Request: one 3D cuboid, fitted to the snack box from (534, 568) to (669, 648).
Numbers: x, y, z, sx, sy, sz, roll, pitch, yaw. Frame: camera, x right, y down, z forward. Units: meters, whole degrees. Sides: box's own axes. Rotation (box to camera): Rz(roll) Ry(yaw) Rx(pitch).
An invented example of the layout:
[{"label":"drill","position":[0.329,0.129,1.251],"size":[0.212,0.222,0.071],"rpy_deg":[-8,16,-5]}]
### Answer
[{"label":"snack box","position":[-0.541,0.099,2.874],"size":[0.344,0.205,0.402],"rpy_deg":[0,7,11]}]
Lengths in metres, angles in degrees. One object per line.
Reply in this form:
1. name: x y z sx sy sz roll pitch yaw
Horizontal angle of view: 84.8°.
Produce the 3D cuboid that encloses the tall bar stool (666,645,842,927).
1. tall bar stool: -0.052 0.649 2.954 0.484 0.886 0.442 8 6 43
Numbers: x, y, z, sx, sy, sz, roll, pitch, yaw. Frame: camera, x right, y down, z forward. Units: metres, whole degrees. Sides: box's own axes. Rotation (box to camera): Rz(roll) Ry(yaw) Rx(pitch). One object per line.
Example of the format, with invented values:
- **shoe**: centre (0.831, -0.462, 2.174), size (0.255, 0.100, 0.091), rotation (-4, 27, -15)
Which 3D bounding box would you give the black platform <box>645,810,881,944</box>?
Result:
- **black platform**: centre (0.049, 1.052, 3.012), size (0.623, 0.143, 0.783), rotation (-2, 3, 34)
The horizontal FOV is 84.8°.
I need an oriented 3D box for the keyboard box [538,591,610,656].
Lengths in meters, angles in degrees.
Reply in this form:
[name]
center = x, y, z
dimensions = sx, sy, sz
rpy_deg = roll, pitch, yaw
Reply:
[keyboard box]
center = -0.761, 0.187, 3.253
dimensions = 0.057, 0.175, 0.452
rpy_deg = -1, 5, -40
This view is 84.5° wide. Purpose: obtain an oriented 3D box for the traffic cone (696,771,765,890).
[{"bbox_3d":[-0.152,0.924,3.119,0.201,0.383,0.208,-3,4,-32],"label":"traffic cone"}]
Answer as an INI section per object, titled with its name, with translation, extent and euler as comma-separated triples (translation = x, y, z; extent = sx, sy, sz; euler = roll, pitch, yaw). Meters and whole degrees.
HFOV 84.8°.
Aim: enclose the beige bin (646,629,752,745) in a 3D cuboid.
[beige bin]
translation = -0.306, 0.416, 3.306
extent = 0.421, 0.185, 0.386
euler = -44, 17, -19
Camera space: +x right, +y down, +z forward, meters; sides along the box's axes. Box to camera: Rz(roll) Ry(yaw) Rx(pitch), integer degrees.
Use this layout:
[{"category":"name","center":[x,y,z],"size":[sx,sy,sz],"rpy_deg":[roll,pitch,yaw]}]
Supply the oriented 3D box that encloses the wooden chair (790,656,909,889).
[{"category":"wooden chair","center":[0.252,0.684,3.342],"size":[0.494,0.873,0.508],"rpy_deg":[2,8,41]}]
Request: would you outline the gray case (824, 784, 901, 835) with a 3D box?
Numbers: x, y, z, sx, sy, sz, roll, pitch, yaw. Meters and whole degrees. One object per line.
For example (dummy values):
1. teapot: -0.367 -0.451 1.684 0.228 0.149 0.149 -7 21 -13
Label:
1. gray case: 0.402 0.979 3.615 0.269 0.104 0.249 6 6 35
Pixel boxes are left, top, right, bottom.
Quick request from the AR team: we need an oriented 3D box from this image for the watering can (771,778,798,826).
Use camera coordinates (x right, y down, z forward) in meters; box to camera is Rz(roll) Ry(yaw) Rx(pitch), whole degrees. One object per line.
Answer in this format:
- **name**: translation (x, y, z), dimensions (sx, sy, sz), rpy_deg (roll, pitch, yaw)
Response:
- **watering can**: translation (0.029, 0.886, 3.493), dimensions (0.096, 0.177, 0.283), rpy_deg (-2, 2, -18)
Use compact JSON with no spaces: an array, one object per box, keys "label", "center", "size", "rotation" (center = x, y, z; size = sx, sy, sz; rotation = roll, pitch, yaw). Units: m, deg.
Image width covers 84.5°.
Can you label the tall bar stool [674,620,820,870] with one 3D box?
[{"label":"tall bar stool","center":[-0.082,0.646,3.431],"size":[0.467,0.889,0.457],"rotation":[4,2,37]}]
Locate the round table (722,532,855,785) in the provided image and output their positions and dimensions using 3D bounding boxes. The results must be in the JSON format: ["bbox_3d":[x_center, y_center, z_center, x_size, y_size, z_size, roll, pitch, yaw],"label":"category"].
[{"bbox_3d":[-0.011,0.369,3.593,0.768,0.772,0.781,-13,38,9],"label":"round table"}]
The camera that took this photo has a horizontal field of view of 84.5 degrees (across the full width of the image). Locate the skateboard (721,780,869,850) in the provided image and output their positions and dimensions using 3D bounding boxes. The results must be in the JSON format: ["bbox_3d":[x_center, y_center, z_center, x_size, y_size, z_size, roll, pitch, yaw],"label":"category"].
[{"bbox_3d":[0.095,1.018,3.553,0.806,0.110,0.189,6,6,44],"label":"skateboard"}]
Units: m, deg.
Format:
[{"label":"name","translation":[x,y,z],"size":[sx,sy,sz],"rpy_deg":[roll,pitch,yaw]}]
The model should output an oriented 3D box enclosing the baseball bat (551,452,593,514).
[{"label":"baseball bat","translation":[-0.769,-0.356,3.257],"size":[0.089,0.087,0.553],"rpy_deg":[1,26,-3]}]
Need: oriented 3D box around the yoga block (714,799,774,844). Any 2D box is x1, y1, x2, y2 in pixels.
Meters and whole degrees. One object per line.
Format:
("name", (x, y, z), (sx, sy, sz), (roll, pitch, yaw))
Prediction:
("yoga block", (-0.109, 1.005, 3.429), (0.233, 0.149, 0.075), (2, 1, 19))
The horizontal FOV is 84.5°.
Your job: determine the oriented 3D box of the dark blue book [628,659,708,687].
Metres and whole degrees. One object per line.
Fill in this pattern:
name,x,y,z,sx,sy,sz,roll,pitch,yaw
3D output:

* WHAT IS EXPECTED
Your task is to reproduce all the data exactly as shown.

* TASK RESULT
Request: one 3D cuboid, fitted to the snack box from (534, 568) to (669, 648).
Numbers: x, y, z, sx, sy, sz, roll, pitch, yaw. Frame: camera, x right, y down, z forward. Units: meters, whole degrees. Sides: box's own axes. Rotation (box to camera): Rz(roll) Ry(yaw) Rx(pitch).
An invented example of the layout:
[{"label":"drill","position":[0.329,0.129,1.251],"size":[0.212,0.222,0.071],"rpy_deg":[-8,16,-5]}]
### Answer
[{"label":"snack box","position":[-0.541,0.099,2.874],"size":[0.344,0.205,0.402],"rpy_deg":[0,7,11]}]
Lengths in metres, angles in degrees. One object per line.
Reply in this form:
1. name: x y z sx sy sz roll pitch yaw
Horizontal angle of view: 84.8°.
Produce the 3D cuboid that encloses the tall bar stool (666,645,842,927).
1. tall bar stool: -0.052 0.649 2.954 0.484 0.886 0.442 8 6 43
Numbers: x, y, z, sx, sy, sz, roll, pitch, yaw. Frame: camera, x right, y down, z forward. Units: metres, whole degrees. Sides: box's own axes. Rotation (box to camera): Rz(roll) Ry(yaw) Rx(pitch). One object per line.
Example of the format, with invented values:
- **shoe**: centre (0.831, -0.462, 2.174), size (0.255, 0.100, 0.091), rotation (-4, 27, -15)
Which 3D bounding box would you give the black platform <box>645,810,881,944</box>?
Result:
- **black platform**: centre (0.049, 1.052, 3.012), size (0.623, 0.143, 0.783), rotation (-2, 3, 34)
The horizontal FOV is 84.8°.
I need an oriented 3D box for the keyboard box [538,591,610,656].
Lengths in meters, angles in degrees.
Reply in this form:
[name]
center = x, y, z
dimensions = sx, sy, sz
rpy_deg = roll, pitch, yaw
Reply:
[keyboard box]
center = -0.761, 0.187, 3.253
dimensions = 0.057, 0.175, 0.452
rpy_deg = -1, 5, -40
This view is 84.5° wide. Purpose: obtain an oriented 3D box for the traffic cone (696,771,765,890).
[{"bbox_3d":[-0.152,0.924,3.119,0.201,0.383,0.208,-3,4,-32],"label":"traffic cone"}]
Answer as an INI section per object, titled with its name, with translation, extent and euler as comma-separated triples (translation = x, y, z; extent = sx, sy, sz; euler = roll, pitch, yaw). Meters and whole degrees.
HFOV 84.8°.
Aim: enclose the beige bin (646,629,752,745) in a 3D cuboid.
[beige bin]
translation = -0.306, 0.416, 3.306
extent = 0.421, 0.185, 0.386
euler = -44, 17, -19
Camera space: +x right, +y down, +z forward, meters; sides along the box's axes. Box to camera: Rz(roll) Ry(yaw) Rx(pitch), integer degrees.
Use this layout:
[{"category":"name","center":[x,y,z],"size":[sx,sy,sz],"rpy_deg":[roll,pitch,yaw]}]
Supply the oriented 3D box that encloses the wooden chair (790,656,909,889).
[{"category":"wooden chair","center":[0.252,0.684,3.342],"size":[0.494,0.873,0.508],"rpy_deg":[2,8,41]}]
Request: would you outline the gray case (824, 784, 901, 835) with a 3D box?
Numbers: x, y, z, sx, sy, sz, roll, pitch, yaw. Meters and whole degrees. One object per line.
For example (dummy values):
1. teapot: -0.367 -0.451 1.684 0.228 0.149 0.149 -7 21 -13
Label:
1. gray case: 0.402 0.979 3.615 0.269 0.104 0.249 6 6 35
Pixel boxes are left, top, right, bottom.
Quick request from the AR team: we need an oriented 3D box from this image for the watering can (771,778,798,826).
Use camera coordinates (x right, y down, z forward) in meters; box to camera is Rz(roll) Ry(yaw) Rx(pitch), whole degrees. One object per line.
Answer in this format:
- **name**: translation (x, y, z), dimensions (sx, sy, sz), rpy_deg (roll, pitch, yaw)
Response:
- **watering can**: translation (0.029, 0.886, 3.493), dimensions (0.096, 0.177, 0.283), rpy_deg (-2, 2, -18)
Use compact JSON with no spaces: an array, one object per box, keys "label", "center", "size", "rotation" (center = x, y, z; size = sx, sy, sz; rotation = roll, pitch, yaw). Units: m, deg.
Image width covers 84.5°.
Can you label the tall bar stool [674,620,820,870] with one 3D box?
[{"label":"tall bar stool","center":[-0.082,0.646,3.431],"size":[0.467,0.889,0.457],"rotation":[4,2,37]}]
Locate the round table (722,532,855,785) in the provided image and output their positions and dimensions using 3D bounding boxes. The results must be in the JSON format: ["bbox_3d":[x_center, y_center, z_center, x_size, y_size, z_size, roll, pitch, yaw],"label":"category"].
[{"bbox_3d":[-0.011,0.369,3.593,0.768,0.772,0.781,-13,38,9],"label":"round table"}]
The camera that took this photo has a horizontal field of view of 84.5 degrees (across the full width of the image). Locate the skateboard (721,780,869,850) in the provided image and output their positions and dimensions using 3D bounding boxes. The results must be in the JSON format: ["bbox_3d":[x_center, y_center, z_center, x_size, y_size, z_size, roll, pitch, yaw],"label":"category"].
[{"bbox_3d":[0.095,1.018,3.553,0.806,0.110,0.189,6,6,44],"label":"skateboard"}]
Units: m, deg.
Format:
[{"label":"name","translation":[x,y,z],"size":[sx,sy,sz],"rpy_deg":[roll,pitch,yaw]}]
The model should output an oriented 3D box enclosing the baseball bat (551,452,593,514).
[{"label":"baseball bat","translation":[-0.769,-0.356,3.257],"size":[0.089,0.087,0.553],"rpy_deg":[1,26,-3]}]
Need: oriented 3D box around the yoga block (714,799,774,844). Any 2D box is x1, y1, x2, y2 in pixels.
Meters and whole degrees. One object per line.
Format:
("name", (x, y, z), (sx, sy, sz), (roll, pitch, yaw))
Prediction:
("yoga block", (-0.109, 1.005, 3.429), (0.233, 0.149, 0.075), (2, 1, 19))
The horizontal FOV is 84.5°.
Your job: determine the oriented 3D box of the dark blue book [628,659,708,687].
Metres and whole degrees. One object per line.
Fill in this pattern:
name,x,y,z,sx,sy,sz,roll,pitch,yaw
3D output:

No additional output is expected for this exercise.